• Activity: From top to bottom, write out the listing exactly and skip every picture.

• Information shown:
-*-
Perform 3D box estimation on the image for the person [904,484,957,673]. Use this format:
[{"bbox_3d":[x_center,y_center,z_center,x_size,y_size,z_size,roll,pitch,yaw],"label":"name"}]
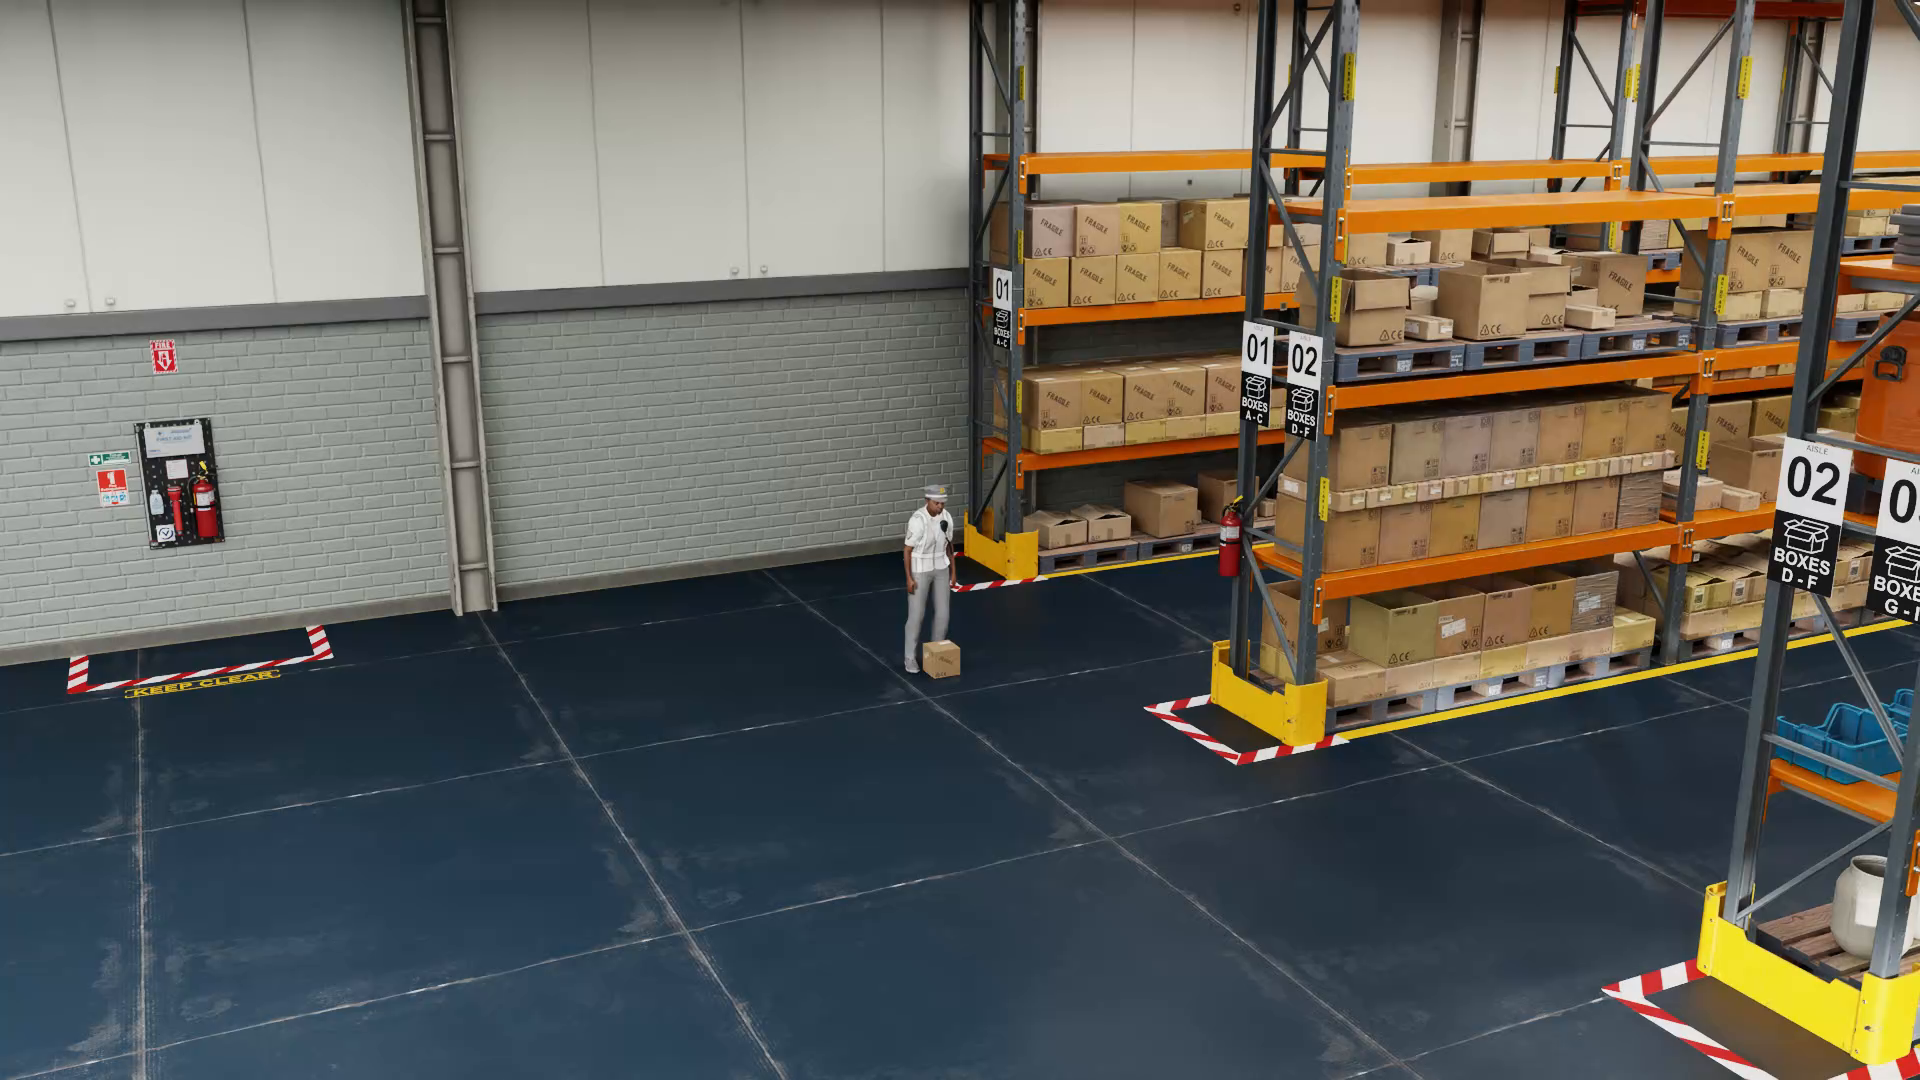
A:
[{"bbox_3d":[-0.272,0.310,14.625,0.532,1.664,0.391,-8,17,-28],"label":"person"}]
-*-
• Answer to this problem:
Perform 3D box estimation on the image for the person [904,484,957,673]. Use this format:
[{"bbox_3d":[x_center,y_center,z_center,x_size,y_size,z_size,roll,pitch,yaw],"label":"name"}]
A:
[{"bbox_3d":[-0.272,0.310,14.625,0.532,1.664,0.391,-8,17,-28],"label":"person"}]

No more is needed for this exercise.